Let Them Eat Cake! ( in Fort Lauderdale)
We all remember the French Revolution and the story of Marie Antionette. Her famous, or infamous, quote has been the benchmark used to depict a disconnected elitist class out of touch from the society it governed.
Another famous saying is that history repeats itself. Fast forward to 2006 South Florida. The dubious honor of bestowing the first Bigdaddy Putz Award goes to our very own Fort Lauderdale Mayor Jim Naugle.
When asked recently about the housing affordabilty crisis in South Florida, his heiness Jim bellowed, " I'm supposed to subsidize some schlock sitting on the sofa and drinking a beer, who won't work more than 40 hours a week?" Naugle told the South Florida Sun-Sentinel last week, voicing opposition to a city plan that would force developers to build some affordable units or pay extra fees. "I deny that there is a problem."
"That's easy for him to say.

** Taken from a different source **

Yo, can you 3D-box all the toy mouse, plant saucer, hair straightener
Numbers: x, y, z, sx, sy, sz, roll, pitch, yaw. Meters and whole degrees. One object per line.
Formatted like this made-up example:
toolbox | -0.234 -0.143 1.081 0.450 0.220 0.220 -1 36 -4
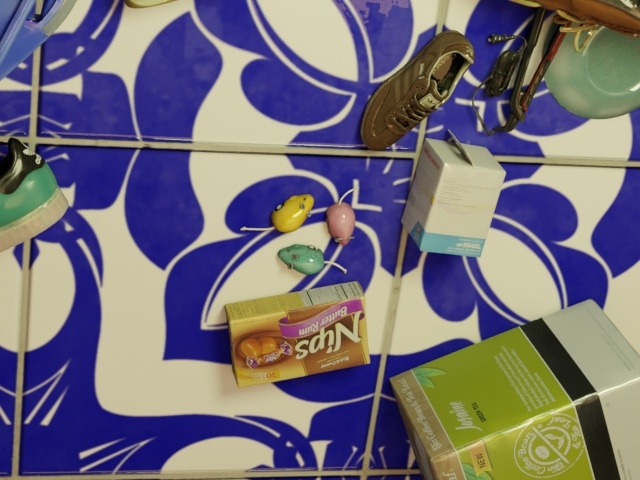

King James, whose Rio Vista neighbors include captains of industry and trust fund beneficiaries, bought his home on the New River for $362,500 in 1996. Today, that kind of cabbage won't even get you a teardown shack in parts of his city."
Doing his best Joe McCarthy impersionation, King James further orated, "It's the developer and the person who buys a higher-priced unit that will be subsidizing them, and I think that's wrong," Naugle said. "It's government interfering with the marketplace and that's Karl Marx."
"The person who's working 60 hours to get ahead and making $90,000 a year is going to subsidize the person who's working only 40 hours a week and making $60,000," Naugle said."
"So now I'm a `schlock' because I only work 40 hours a week?" Michele Stadler, a full-time working mother, wrote city commissioners and Naugle by e-mail. "To insinuate that by not working more we are lazy is really a disgrace. He needs to take that silver spoon ... and look at the reality of life here in Fort Lauderdale and how it has changed in the last five years from the [perspective] of the middle class."
"Naugle said plenty of affordable housing options are around, just maybe not the single-family homes of people's dreams. He also said they should find jobs they love, not be "stuck on working 40 hours a week," and hold off on having children until they are in a better financial position."It's good to be a gatherer and build a nest before having a family," Naugle said. "That's what I did. I waited. Let's get people thinking about that."
Thanks to my wonderful wife for finding this article. Have a nice piece of cake honey.